Hi @unutbu, how would you go about doing the same thing bu with case insensitive string matching ? Thank you !
Use Index.intersection(), if the number of columns to keep is small, compared to those to exclude. In the opposite case (exclude only a few of a large number) Index.difference() may be the better choice. White-listing vs. black-listing.
35

You could use a list comprehension creating all column-names to drop()

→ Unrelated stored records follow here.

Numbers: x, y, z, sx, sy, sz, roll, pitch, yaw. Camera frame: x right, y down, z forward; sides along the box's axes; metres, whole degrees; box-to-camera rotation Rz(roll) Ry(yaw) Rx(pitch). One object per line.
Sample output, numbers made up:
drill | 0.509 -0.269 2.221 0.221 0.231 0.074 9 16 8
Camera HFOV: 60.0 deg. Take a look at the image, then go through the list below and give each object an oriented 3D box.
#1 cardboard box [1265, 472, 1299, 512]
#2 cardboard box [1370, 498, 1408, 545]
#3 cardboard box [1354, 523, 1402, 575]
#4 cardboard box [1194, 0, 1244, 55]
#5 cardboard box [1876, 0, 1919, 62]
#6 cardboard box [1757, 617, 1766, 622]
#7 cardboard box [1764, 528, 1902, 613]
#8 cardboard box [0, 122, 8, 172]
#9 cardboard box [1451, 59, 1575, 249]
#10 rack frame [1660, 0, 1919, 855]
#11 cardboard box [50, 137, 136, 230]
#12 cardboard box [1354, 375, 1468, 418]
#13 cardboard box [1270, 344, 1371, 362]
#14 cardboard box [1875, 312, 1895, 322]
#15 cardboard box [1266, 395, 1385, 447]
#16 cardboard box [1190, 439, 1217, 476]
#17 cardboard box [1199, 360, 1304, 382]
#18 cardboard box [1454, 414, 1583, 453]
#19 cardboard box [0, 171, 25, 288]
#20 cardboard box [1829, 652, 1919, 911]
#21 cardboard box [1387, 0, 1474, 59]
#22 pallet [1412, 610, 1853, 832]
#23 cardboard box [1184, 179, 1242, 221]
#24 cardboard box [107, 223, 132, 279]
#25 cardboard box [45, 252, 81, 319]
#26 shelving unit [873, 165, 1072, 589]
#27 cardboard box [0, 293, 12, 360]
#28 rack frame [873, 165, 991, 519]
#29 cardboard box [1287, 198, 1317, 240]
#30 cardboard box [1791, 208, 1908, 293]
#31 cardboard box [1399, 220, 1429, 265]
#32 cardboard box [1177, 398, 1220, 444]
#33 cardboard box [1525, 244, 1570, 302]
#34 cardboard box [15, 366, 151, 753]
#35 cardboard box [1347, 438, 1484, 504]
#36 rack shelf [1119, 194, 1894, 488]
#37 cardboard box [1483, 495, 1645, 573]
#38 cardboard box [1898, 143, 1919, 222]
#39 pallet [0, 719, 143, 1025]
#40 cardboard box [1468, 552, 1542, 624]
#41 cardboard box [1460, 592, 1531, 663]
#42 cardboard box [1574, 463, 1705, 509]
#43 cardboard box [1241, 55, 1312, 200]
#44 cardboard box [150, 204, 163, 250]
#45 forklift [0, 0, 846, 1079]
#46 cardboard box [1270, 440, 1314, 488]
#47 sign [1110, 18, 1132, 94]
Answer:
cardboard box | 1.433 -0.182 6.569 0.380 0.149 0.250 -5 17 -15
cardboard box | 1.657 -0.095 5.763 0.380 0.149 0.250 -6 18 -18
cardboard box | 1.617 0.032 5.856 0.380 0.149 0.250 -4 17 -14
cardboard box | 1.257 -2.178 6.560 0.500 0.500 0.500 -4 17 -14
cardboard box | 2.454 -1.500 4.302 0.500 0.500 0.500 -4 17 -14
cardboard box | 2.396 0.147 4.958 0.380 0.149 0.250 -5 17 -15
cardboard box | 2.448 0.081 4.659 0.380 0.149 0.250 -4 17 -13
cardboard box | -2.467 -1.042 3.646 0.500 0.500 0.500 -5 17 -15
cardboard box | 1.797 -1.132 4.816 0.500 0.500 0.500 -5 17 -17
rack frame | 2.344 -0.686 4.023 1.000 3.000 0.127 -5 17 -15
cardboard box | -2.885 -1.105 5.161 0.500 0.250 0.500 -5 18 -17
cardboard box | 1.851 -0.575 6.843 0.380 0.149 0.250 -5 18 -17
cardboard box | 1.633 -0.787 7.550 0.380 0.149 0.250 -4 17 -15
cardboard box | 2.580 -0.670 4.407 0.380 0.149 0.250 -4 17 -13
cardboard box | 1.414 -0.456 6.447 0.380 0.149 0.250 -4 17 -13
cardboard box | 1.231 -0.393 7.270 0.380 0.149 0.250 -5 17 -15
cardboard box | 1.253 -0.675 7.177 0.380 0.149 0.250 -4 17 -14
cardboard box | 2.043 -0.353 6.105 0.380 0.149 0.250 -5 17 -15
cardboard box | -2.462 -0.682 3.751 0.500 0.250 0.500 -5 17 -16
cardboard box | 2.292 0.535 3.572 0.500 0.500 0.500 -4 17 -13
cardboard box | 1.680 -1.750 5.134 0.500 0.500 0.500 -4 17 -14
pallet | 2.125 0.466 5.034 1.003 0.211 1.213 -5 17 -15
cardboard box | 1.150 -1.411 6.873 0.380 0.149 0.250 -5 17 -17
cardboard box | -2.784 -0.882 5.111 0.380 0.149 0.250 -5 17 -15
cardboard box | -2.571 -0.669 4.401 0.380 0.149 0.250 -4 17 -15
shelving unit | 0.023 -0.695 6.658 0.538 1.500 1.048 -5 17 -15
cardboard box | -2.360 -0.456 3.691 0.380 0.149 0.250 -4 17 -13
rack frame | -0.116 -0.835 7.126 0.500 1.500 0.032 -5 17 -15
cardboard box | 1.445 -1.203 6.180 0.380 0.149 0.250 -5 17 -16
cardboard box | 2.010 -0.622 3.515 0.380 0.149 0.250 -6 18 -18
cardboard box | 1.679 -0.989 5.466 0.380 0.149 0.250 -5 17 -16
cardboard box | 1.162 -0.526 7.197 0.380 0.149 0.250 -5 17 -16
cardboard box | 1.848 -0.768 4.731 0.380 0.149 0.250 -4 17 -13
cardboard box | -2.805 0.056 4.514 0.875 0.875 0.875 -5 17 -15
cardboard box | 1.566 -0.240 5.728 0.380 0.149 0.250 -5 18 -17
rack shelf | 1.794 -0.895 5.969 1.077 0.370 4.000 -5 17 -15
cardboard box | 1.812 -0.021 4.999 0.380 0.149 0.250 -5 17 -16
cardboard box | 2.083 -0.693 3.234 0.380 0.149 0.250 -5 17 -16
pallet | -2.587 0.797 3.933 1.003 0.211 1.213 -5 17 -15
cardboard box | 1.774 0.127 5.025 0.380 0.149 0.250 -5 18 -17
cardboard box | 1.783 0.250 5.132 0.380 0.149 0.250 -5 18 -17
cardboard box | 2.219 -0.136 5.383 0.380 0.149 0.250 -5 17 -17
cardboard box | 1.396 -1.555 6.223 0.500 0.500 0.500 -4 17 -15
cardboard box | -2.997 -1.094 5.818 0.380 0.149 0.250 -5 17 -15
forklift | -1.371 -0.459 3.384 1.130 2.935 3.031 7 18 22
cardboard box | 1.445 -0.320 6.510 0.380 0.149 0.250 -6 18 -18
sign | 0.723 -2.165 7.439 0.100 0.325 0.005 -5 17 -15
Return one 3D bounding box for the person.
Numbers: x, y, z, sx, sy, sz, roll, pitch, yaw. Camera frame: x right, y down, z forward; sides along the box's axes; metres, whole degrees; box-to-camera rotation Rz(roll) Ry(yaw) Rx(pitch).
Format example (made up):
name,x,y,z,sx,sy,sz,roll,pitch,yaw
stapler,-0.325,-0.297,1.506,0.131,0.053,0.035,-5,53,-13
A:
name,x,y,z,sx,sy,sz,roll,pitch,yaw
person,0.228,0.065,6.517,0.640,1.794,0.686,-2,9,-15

final_table_columns = ['id', 'name', 'year']
df = df.drop(columns=[col for col in df if col not in final_table_columns])

To do it in-place:

df.drop(columns=[col for col in df if col not in final_table_columns], inplace=True)

3 Comments

why not simply df = df[final_table_columns]
Btw, df = df[final_table_columns] is faster than drop way.
i think this is the best answer. @Rexovas solution will fail if final_table_columns are not in df.
18

To do it in-place, consider Index.difference. This was not documented in any prior answer.

df.drop(columns=df.columns.difference(final_table_columns), inplace=True)

To create a new dataframe, Index.intersection also works.

df_final = df.drop(columns=df.columns.difference(final_table_columns)

df_final = df[df.columns.intersection(final_table_columns)]  # credited to unutbu

1 Comment

Can you make this a soft drop, as in, if it contains one of the words in the column then you should keep the columns?
1

You could also accomplish this much more simply

df = df[final_table_columns]

2 Comments

This will give a key error, because year is not in the DF's columns.
Yes I see you’re correct now - but the question remains. Why then would he include that in his final columns? He can simply change the list to remove it. Much simpler.